PROBLEM DESCRIPTION |
Please give the entries below again exactly, omitting every picture.

DATA TO PROCESS |
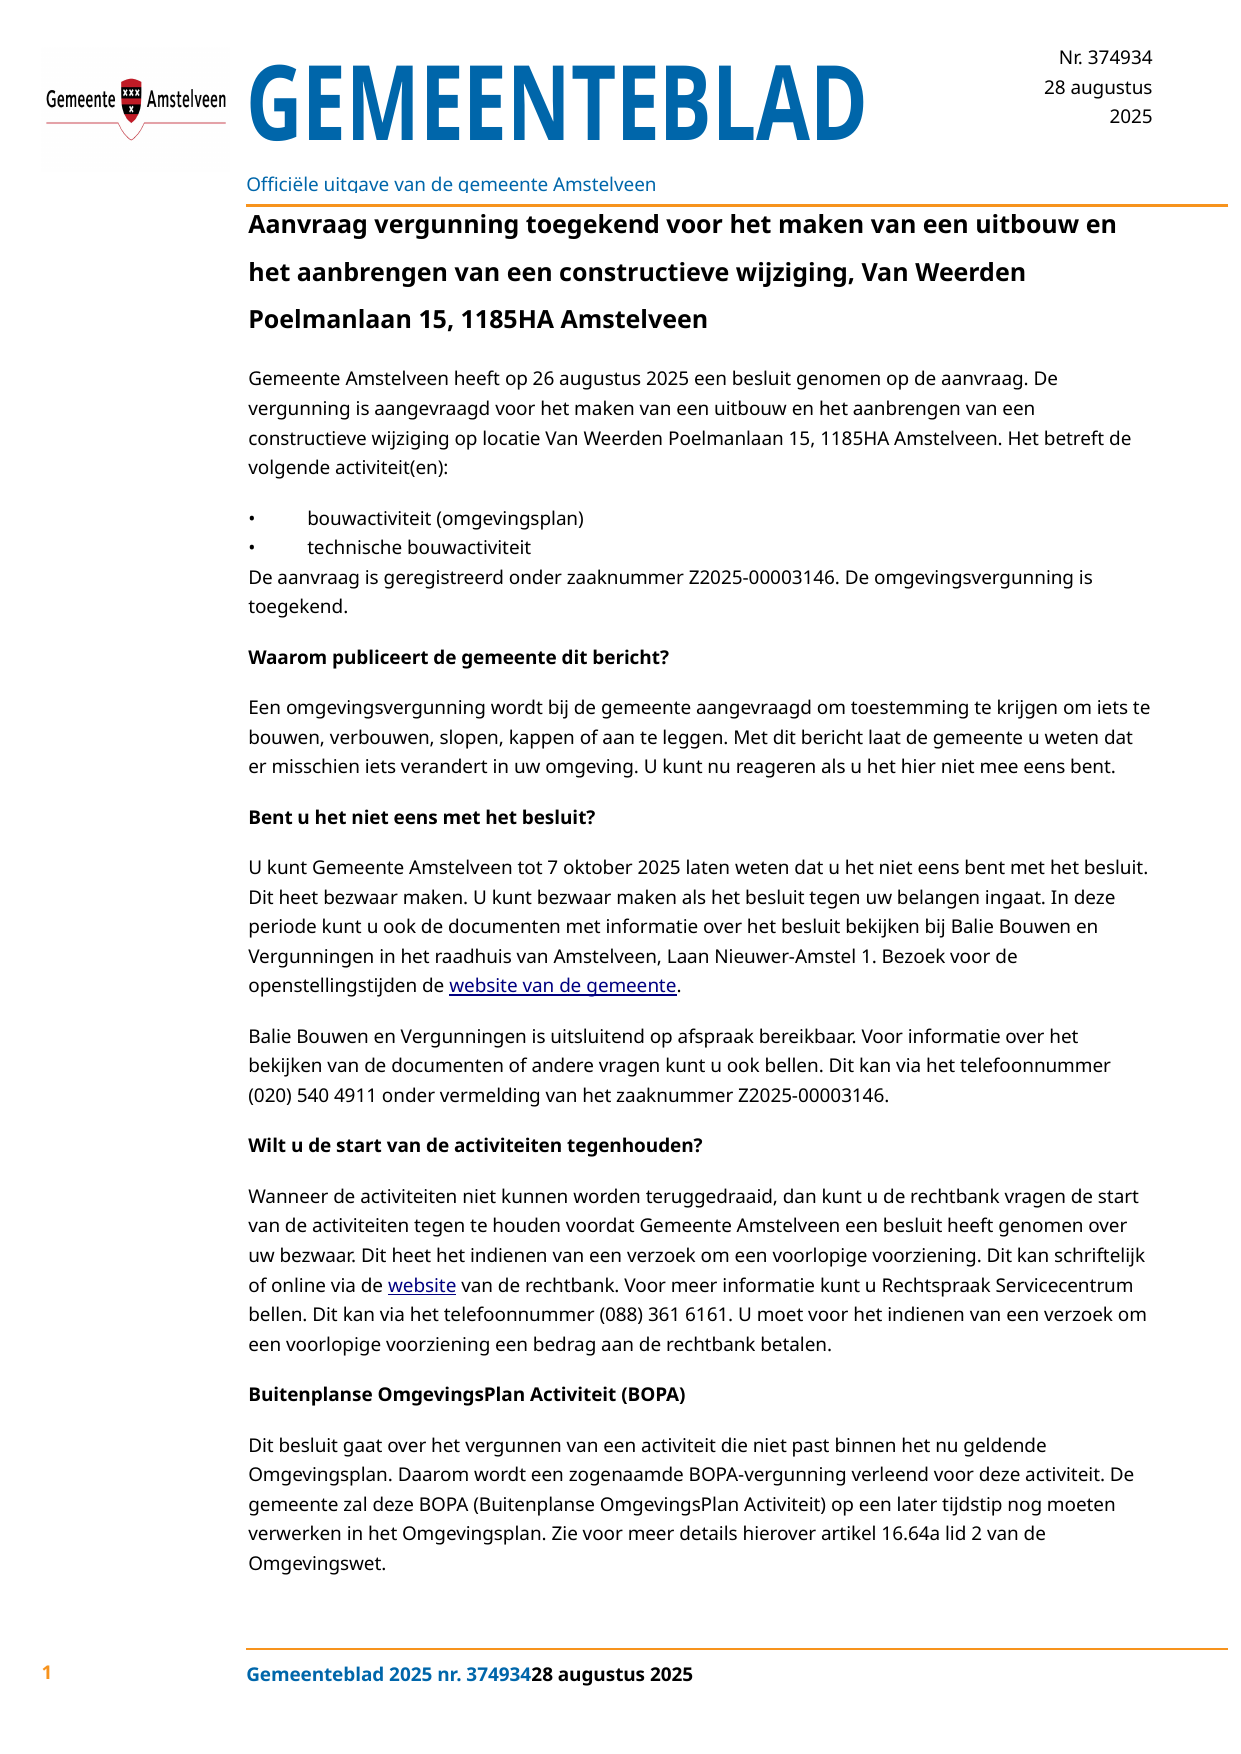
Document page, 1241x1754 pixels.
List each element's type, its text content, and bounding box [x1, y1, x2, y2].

text Bent u het niet eens met het besluit? [248, 804, 1152, 829]
text Aanvraag vergunning toegekend voor het maken van een uitbouw en het aanbrengen van een constructieve wijziging, Van Weerden Poelmanlaan 15, 1185HA Amstelveen [248, 207, 1152, 336]
text De aanvraag is geregistreerd onder zaaknummer Z2025-00003146. De omgevingsvergunning is toegekend. [248, 564, 1152, 619]
text Waarom publiceert de gemeente dit bericht? [248, 644, 1152, 669]
text Balie Bouwen en Vergunningen is uitsluitend op afspraak bereikbaar. Voor informatie over het bekijken van de documenten of andere vragen kunt u ook bellen. Dit kan via het telefoonnummer (020) 540 4911 onder vermelding van het zaaknummer Z2025-00003146. [248, 1023, 1152, 1108]
list bouwactiviteit (omgevingsplan) [248, 505, 1152, 530]
text U kunt Gemeente Amstelveen tot 7 oktober 2025 laten weten dat u het niet eens bent met het besluit. Dit heet bezwaar maken. U kunt bezwaar maken als het besluit tegen uw belangen ingaat. In deze periode kunt u ook de documenten met informatie over het besluit bekijken bij Balie Bouwen en Vergunningen in het raadhuis van Amstelveen, Laan Nieuwer-Amstel 1. Bezoek voor de openstellingstijden de website van de gemeente. [248, 854, 1152, 998]
text Een omgevingsvergunning wordt bij de gemeente aangevraagd om toestemming te krijgen om iets te bouwen, verbouwen, slopen, kappen of aan te leggen. Met dit bericht laat de gemeente u weten dat er misschien iets verandert in uw omgeving. U kunt nu reageren als u het hier niet mee eens bent. [248, 694, 1152, 779]
picture [41, 47, 231, 172]
text Wanneer de activiteiten niet kunnen worden teruggedraaid, dan kunt u de rechtbank vragen de start van de activiteiten tegen te houden voordat Gemeente Amstelveen een besluit heeft genomen over uw bezwaar. Dit heet het indienen van een verzoek om een voorlopige voorziening. Dit kan schriftelijk of online via de website van de rechtbank. Voor meer informatie kunt u Rechtspraak Servicecentrum bellen. Dit kan via het telefoonnummer (088) 361 6161. U moet voor het indienen van een verzoek om een voorlopige voorziening een bedrag aan de rechtbank betalen. [248, 1183, 1152, 1357]
text Wilt u de start van de activiteiten tegenhouden? [248, 1133, 1152, 1158]
text Gemeente Amstelveen heeft op 26 augustus 2025 een besluit genomen op de aanvraag. De vergunning is aangevraagd voor het maken van een uitbouw en het aanbrengen van een constructieve wijziging op locatie Van Weerden Poelmanlaan 15, 1185HA Amstelveen. Het betreft de volgende activiteit(en): [248, 366, 1152, 480]
text Dit besluit gaat over het vergunnen van een activiteit die niet past binnen het nu geldende Omgevingsplan. Daarom wordt een zogenaamde BOPA-vergunning verleend voor deze activiteit. De gemeente zal deze BOPA (Buitenplanse OmgevingsPlan Activiteit) op een later tijdstip nog moeten verwerken in het Omgevingsplan. Zie voor meer details hierover artikel 16.64a lid 2 van de Omgevingswet. [248, 1432, 1152, 1576]
text Buitenplanse OmgevingsPlan Activiteit (BOPA) [248, 1381, 1152, 1407]
list technische bouwactiviteit [248, 534, 1152, 560]

RESULT FOR THIS TASK |
Document page, 1241x1754 pixels.
List each element's type, its text content, and bounding box [x1, y1, x2, y2].

text Bent u het niet eens met het besluit? [248, 804, 1152, 829]
text Aanvraag vergunning toegekend voor het maken van een uitbouw en het aanbrengen van een constructieve wijziging, Van Weerden Poelmanlaan 15, 1185HA Amstelveen [248, 207, 1152, 336]
text De aanvraag is geregistreerd onder zaaknummer Z2025-00003146. De omgevingsvergunning is toegekend. [248, 564, 1152, 619]
text Waarom publiceert de gemeente dit bericht? [248, 644, 1152, 669]
text Balie Bouwen en Vergunningen is uitsluitend op afspraak bereikbaar. Voor informatie over het bekijken van de documenten of andere vragen kunt u ook bellen. Dit kan via het telefoonnummer (020) 540 4911 onder vermelding van het zaaknummer Z2025-00003146. [248, 1023, 1152, 1108]
list bouwactiviteit (omgevingsplan) [248, 505, 1152, 530]
text U kunt Gemeente Amstelveen tot 7 oktober 2025 laten weten dat u het niet eens bent met het besluit. Dit heet bezwaar maken. U kunt bezwaar maken als het besluit tegen uw belangen ingaat. In deze periode kunt u ook de documenten met informatie over het besluit bekijken bij Balie Bouwen en Vergunningen in het raadhuis van Amstelveen, Laan Nieuwer-Amstel 1. Bezoek voor de openstellingstijden de website van de gemeente. [248, 854, 1152, 998]
text Een omgevingsvergunning wordt bij de gemeente aangevraagd om toestemming te krijgen om iets te bouwen, verbouwen, slopen, kappen of aan te leggen. Met dit bericht laat de gemeente u weten dat er misschien iets verandert in uw omgeving. U kunt nu reageren als u het hier niet mee eens bent. [248, 694, 1152, 779]
picture [41, 47, 231, 172]
text Wanneer de activiteiten niet kunnen worden teruggedraaid, dan kunt u de rechtbank vragen de start van de activiteiten tegen te houden voordat Gemeente Amstelveen een besluit heeft genomen over uw bezwaar. Dit heet het indienen van een verzoek om een voorlopige voorziening. Dit kan schriftelijk of online via de website van de rechtbank. Voor meer informatie kunt u Rechtspraak Servicecentrum bellen. Dit kan via het telefoonnummer (088) 361 6161. U moet voor het indienen van een verzoek om een voorlopige voorziening een bedrag aan de rechtbank betalen. [248, 1183, 1152, 1357]
text Wilt u de start van de activiteiten tegenhouden? [248, 1133, 1152, 1158]
text Gemeente Amstelveen heeft op 26 augustus 2025 een besluit genomen op de aanvraag. De vergunning is aangevraagd voor het maken van een uitbouw en het aanbrengen van een constructieve wijziging op locatie Van Weerden Poelmanlaan 15, 1185HA Amstelveen. Het betreft de volgende activiteit(en): [248, 366, 1152, 480]
text Dit besluit gaat over het vergunnen van een activiteit die niet past binnen het nu geldende Omgevingsplan. Daarom wordt een zogenaamde BOPA-vergunning verleend voor deze activiteit. De gemeente zal deze BOPA (Buitenplanse OmgevingsPlan Activiteit) op een later tijdstip nog moeten verwerken in het Omgevingsplan. Zie voor meer details hierover artikel 16.64a lid 2 van de Omgevingswet. [248, 1432, 1152, 1576]
text Buitenplanse OmgevingsPlan Activiteit (BOPA) [248, 1381, 1152, 1407]
list technische bouwactiviteit [248, 534, 1152, 560]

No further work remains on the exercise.